#### TASK TO CARRY OUT
Please repeat the entries below exactly as written, leaving out any images.

#### EXCERPTED RECORDS
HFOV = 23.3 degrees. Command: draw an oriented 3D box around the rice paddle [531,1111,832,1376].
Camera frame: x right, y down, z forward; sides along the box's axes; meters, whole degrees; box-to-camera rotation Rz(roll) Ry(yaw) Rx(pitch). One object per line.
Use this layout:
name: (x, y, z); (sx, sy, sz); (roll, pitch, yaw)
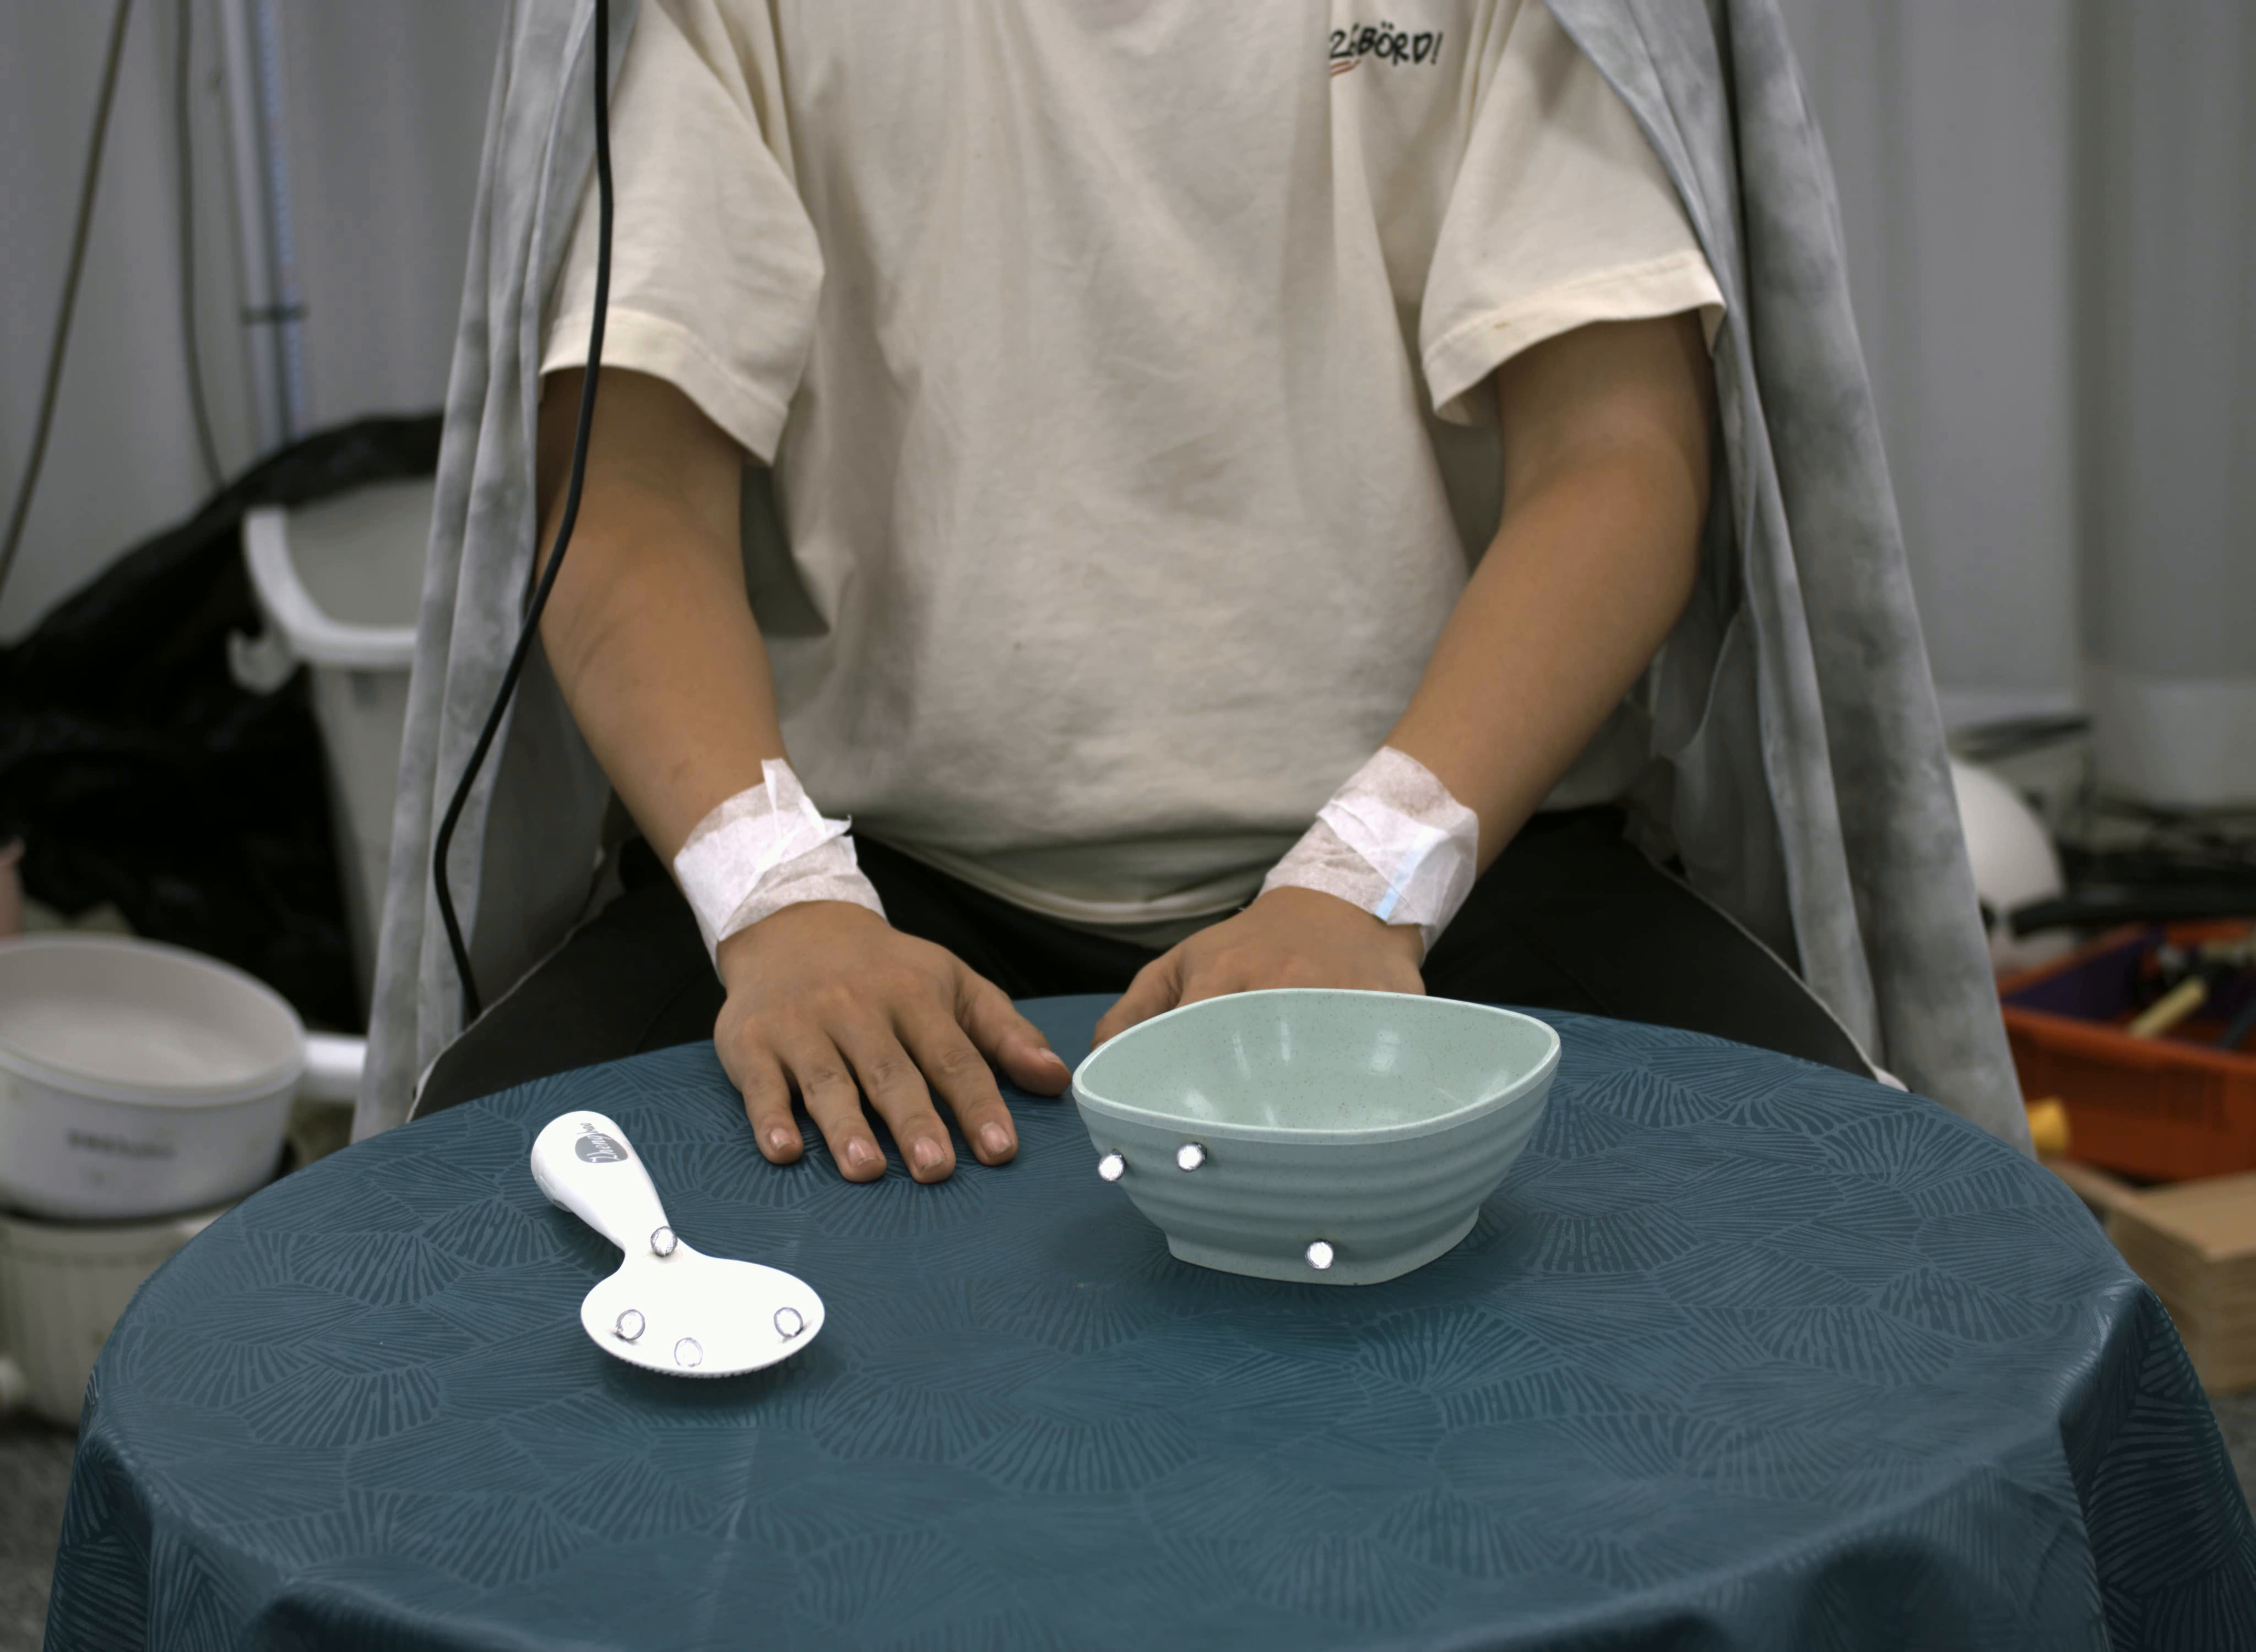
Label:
rice paddle: (-0.140, 0.127, 1.641); (0.068, 0.029, 0.207); (-9, 16, -17)

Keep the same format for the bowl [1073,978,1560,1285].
bowl: (0.060, 0.096, 1.660); (0.151, 0.058, 0.152); (-6, 16, 1)

#### EXERCISE RESPONSE
HFOV = 23.3 degrees. Command: draw an oriented 3D box around the rice paddle [531,1111,832,1376].
Camera frame: x right, y down, z forward; sides along the box's axes; meters, whole degrees; box-to-camera rotation Rz(roll) Ry(yaw) Rx(pitch). One object per line.
Use this layout:
name: (x, y, z); (sx, sy, sz); (roll, pitch, yaw)
Label:
rice paddle: (-0.140, 0.127, 1.641); (0.068, 0.029, 0.207); (-9, 16, -17)

Keep the same format for the bowl [1073,978,1560,1285].
bowl: (0.060, 0.096, 1.660); (0.151, 0.058, 0.152); (-6, 16, 1)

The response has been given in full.